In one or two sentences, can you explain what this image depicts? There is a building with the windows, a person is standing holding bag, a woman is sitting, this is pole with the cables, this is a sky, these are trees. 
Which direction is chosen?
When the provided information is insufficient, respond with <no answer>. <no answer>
--
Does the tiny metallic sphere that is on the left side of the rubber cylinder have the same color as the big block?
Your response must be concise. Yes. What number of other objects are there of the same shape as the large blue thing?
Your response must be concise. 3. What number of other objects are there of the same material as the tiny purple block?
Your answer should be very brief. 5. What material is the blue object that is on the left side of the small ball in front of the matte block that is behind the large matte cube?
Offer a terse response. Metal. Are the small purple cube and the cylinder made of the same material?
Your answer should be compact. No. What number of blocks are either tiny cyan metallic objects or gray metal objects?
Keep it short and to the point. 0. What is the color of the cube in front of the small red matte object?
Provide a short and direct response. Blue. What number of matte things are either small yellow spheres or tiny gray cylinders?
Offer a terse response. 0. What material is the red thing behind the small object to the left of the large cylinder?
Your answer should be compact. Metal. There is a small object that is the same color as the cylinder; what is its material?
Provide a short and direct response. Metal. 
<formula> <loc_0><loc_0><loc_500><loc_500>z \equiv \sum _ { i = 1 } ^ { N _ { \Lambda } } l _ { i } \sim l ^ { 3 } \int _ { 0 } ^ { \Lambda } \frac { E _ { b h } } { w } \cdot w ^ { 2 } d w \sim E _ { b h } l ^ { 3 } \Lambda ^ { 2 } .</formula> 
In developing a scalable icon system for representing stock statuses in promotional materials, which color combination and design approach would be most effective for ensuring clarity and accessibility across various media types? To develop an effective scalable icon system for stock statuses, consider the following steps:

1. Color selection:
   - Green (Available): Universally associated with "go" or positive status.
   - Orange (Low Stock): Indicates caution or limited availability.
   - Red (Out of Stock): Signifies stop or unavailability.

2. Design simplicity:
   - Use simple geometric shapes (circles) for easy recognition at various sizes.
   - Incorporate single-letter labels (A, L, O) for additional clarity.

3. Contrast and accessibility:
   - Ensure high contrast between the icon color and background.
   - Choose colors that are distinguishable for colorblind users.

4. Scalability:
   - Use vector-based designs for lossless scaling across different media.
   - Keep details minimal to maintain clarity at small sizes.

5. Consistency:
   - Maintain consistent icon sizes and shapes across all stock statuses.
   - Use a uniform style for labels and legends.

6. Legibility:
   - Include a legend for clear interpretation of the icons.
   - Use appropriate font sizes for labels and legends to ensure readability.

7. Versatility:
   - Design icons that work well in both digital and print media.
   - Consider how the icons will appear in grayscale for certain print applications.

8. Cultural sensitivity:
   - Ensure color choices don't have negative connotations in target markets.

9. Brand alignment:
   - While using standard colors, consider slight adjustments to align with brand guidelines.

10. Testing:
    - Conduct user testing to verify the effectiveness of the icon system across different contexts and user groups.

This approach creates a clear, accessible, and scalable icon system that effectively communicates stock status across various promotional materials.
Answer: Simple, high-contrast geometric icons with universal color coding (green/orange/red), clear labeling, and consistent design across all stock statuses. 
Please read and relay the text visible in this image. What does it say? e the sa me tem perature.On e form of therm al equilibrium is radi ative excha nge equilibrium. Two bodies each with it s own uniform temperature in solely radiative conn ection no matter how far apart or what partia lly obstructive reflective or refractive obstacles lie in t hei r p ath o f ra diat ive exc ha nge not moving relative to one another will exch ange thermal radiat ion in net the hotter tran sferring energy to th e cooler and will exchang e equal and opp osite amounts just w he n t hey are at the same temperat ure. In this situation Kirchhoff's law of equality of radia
...
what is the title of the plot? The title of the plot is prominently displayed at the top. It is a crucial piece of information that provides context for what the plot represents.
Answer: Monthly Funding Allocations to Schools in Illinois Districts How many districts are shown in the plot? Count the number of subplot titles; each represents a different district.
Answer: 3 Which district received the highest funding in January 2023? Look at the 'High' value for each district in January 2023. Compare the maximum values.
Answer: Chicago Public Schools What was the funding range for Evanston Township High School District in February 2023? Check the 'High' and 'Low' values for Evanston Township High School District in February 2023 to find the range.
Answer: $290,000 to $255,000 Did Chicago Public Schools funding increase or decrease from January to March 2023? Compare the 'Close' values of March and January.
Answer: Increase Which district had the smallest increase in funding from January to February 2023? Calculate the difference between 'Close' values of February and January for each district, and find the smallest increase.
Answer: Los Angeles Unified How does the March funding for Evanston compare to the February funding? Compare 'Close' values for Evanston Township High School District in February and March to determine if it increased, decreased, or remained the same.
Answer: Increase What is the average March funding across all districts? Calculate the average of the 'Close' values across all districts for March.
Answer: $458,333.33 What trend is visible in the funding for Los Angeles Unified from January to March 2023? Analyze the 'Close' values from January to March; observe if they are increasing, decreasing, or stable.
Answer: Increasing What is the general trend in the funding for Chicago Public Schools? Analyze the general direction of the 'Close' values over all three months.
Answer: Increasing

→ Goal of the exercise:
Go through the entries and report every line with the string "between".

→ Response area:
   - Ensure high contrast between the icon color and background.
Answer: Increase Which district had the smallest increase in funding from January to February 2023? Calculate the difference between 'Close' values of February and January for each district, and find the smallest increase.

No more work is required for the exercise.